SOURCE INFORMATION Block Start
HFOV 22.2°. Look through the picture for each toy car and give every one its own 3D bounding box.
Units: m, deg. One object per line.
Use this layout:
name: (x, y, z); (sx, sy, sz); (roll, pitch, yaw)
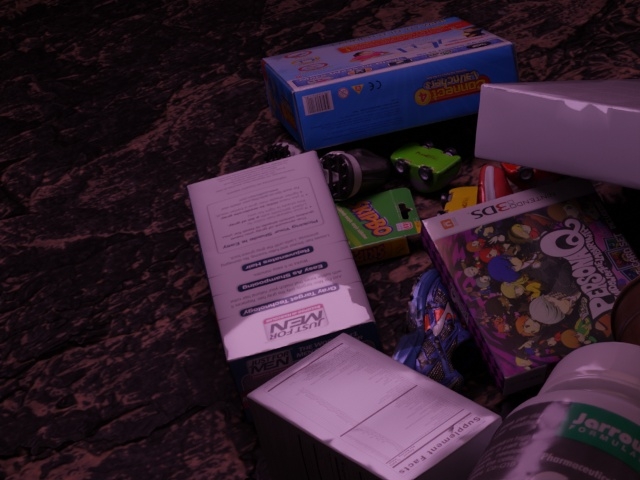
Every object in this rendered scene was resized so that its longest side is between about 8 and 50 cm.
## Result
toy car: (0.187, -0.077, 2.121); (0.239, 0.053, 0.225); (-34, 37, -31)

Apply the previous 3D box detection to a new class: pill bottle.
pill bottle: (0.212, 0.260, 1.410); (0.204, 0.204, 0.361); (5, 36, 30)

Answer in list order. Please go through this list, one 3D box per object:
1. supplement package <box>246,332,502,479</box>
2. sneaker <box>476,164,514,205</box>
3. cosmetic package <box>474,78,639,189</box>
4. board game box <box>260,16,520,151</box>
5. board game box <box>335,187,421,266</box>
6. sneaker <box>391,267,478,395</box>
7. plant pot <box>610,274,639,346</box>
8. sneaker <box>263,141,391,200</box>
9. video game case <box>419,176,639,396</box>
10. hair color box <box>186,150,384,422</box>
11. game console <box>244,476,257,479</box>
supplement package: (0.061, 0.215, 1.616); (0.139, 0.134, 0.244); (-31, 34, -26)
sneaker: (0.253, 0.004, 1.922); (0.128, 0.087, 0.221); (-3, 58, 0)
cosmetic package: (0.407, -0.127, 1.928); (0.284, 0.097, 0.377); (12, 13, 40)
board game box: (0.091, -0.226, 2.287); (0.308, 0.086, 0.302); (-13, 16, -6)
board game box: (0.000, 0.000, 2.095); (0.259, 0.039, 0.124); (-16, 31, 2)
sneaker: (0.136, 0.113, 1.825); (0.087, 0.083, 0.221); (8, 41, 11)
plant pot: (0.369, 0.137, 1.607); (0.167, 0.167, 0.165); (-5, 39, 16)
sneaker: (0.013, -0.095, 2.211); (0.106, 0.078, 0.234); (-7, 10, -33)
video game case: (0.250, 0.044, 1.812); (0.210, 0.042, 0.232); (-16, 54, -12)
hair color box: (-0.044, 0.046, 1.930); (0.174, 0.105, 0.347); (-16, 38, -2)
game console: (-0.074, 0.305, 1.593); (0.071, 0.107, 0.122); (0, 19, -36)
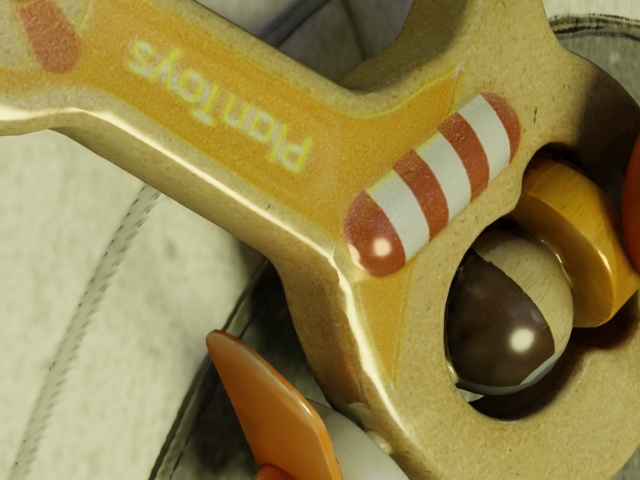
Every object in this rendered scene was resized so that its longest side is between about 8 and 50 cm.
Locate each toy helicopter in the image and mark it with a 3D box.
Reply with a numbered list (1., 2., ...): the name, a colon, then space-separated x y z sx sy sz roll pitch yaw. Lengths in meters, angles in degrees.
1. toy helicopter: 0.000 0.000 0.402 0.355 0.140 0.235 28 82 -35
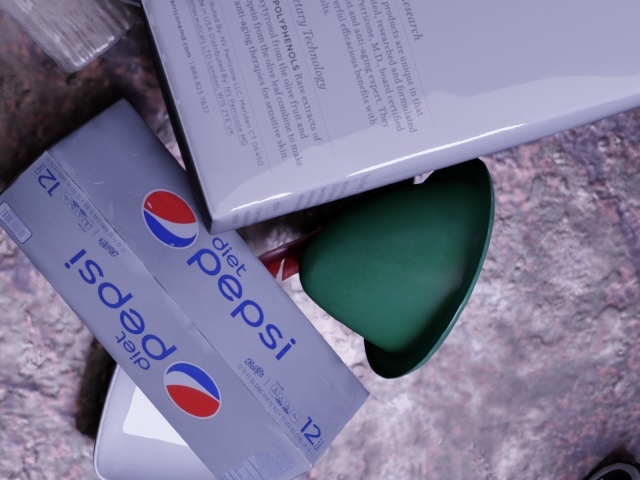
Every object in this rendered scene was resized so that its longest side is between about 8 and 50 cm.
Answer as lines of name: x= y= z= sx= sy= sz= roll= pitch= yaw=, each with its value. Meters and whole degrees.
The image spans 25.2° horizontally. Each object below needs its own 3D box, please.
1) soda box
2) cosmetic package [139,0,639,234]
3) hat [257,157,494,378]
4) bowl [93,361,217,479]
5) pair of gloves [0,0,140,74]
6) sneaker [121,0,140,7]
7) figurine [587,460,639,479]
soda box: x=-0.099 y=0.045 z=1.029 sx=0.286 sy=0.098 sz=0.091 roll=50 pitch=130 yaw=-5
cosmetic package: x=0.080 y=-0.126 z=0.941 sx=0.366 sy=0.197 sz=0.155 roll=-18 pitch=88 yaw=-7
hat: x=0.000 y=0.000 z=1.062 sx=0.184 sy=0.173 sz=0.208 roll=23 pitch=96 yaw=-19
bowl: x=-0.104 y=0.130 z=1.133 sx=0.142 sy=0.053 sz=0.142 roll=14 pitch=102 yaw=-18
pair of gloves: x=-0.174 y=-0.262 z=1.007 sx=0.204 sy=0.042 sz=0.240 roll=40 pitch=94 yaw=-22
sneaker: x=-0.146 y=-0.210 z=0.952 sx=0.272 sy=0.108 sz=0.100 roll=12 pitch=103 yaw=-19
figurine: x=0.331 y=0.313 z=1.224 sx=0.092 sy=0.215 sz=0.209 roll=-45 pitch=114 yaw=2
SOURCE INFORMATION Block End
ACTION ITEM:
Report each line of the data in which "image" occurs.

FINISHED TASK:
Locate each toy helicopter in the image and mark it with a 3D box.
The image spans 25.2° horizontally. Each object below needs its own 3D box, please.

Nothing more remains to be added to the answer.